Though multiple factors predict dropout, including ones that are hard to quantify (e.g., reliability of transportation or childcare), session frequency is a relatively accessible and tangible change that can be made. PE therapy already requires collaborative treatment planning between provider and client (e.g., creating an exposure hierarchy specific to client’s life experiences and resources); including session frequency as part of this collaborative approach is not only convenient, but may also help clients achieve a clinically meaningful milestone: successful completion of PE. 

Target Article 

Levinson, D.B., Halverson, T.F., Wilson, S.M., & Fu, R. (2021) Less dropout from prolonged exposure sessions prescribed at least twice weekly: A meta-analysis and systematic review of randomized controlled trials. Journal of Traumatic Stress, 1-13. https://doi.org/10.1002/jts.22822

Discussion Questions

  • How might increasing session frequency reduce treatment obstacles and dropout?
  • When having a collaborative discussion with clients around session frequency, what may be some factors that increase client motivation for twice-weekly sessions? What potential barriers should we be mindful of when asking clients to participate in twice-weekly sessions?
  • What additional research is needed to recommend twice-weekly PE sessions more definitively? 

About the Authors

Daniel Levinson, PhD is a staff psychologist in the VA Healthcare System.  Daniel received his BS from Stanford University and his PhD in Clinical Psychology from the University of Wisconsin-Madison.  His published research addresses topics such as PTSD and mindfulness.
 
Tate Halverson, PhD is an advanced research fellow at the Mid-Atlantic Mental Illness Research, Education, and Clinical Center (MIRECC) at the Durham Veterans Affairs Healthcare System. Tate completed her PhD in Clinical Psychology at the University of North Carolina at Chapel Hill. Her research centers on reducing self-directed violence in veterans and individuals with serious mental illness (SMI). 
 
Sarah Wilson, PhD is an investigator in the VA Health Services Research and Development Center of Innovation to Accelerate Discovery and Practice Transformation.
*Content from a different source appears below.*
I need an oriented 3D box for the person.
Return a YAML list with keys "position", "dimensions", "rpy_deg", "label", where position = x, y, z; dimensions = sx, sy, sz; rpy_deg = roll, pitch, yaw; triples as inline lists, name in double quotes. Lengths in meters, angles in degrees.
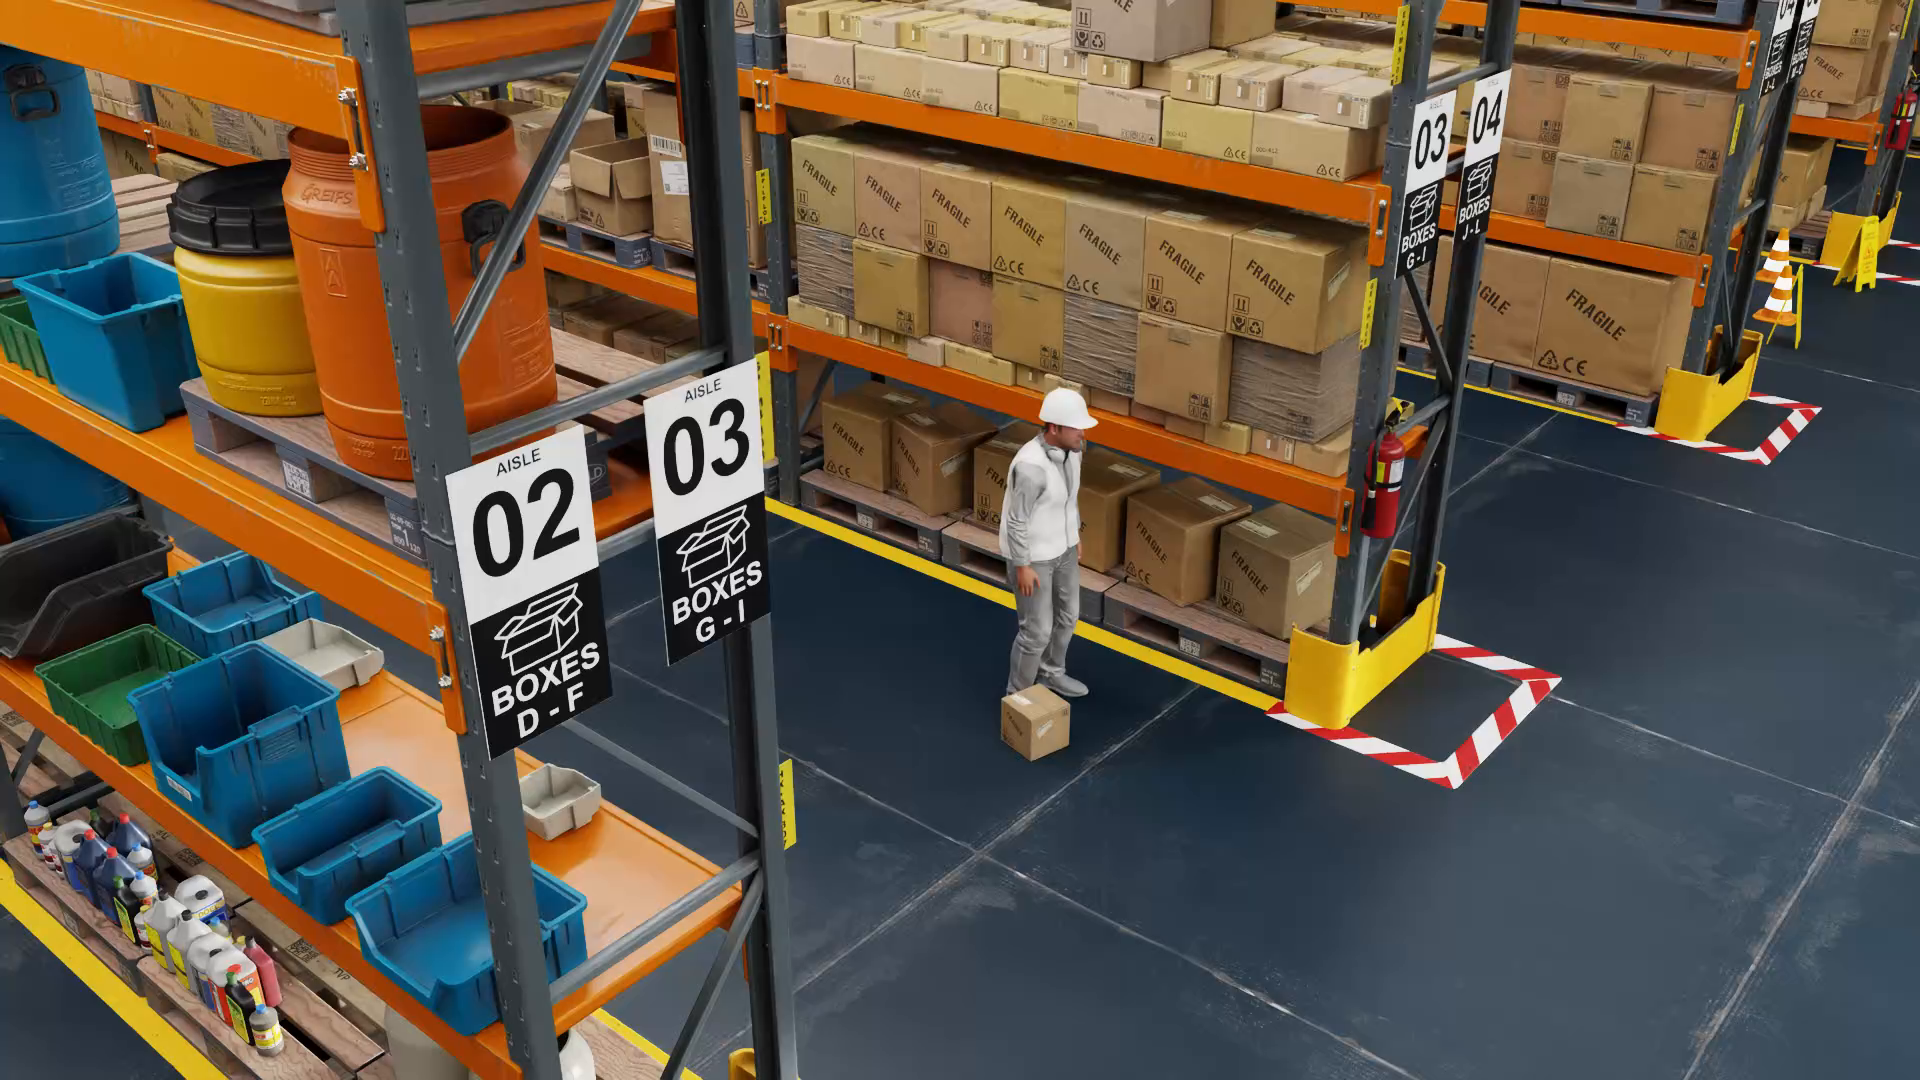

She is a practicing psychologist at Durham VA Health Care System and an Assistant Professor at Duke University School of Medicine. Her research focuses on testing and implementation of interventions for substance use, psychological symptoms, and health behavior change in historically oppressed populations, including low-income individuals, sexual- and gender-diverse individuals, and Black, Indigenous, and People of Color (BIPOC).
 
Rongwei (Rochelle) Fu, PhD is a professor of Biostatistics at the Oregon Health & Science University-Portland State university School of Public Health and has more than 250 peer-reviewed publications. She has provided statistical support and methodology development for more than 100 systematic reviews, and led and participated in methods workgroups to develop and update guidance for quantitative synthesis of comparative effectiveness and diagnostic tests for Agency of Healthcare quality and Research.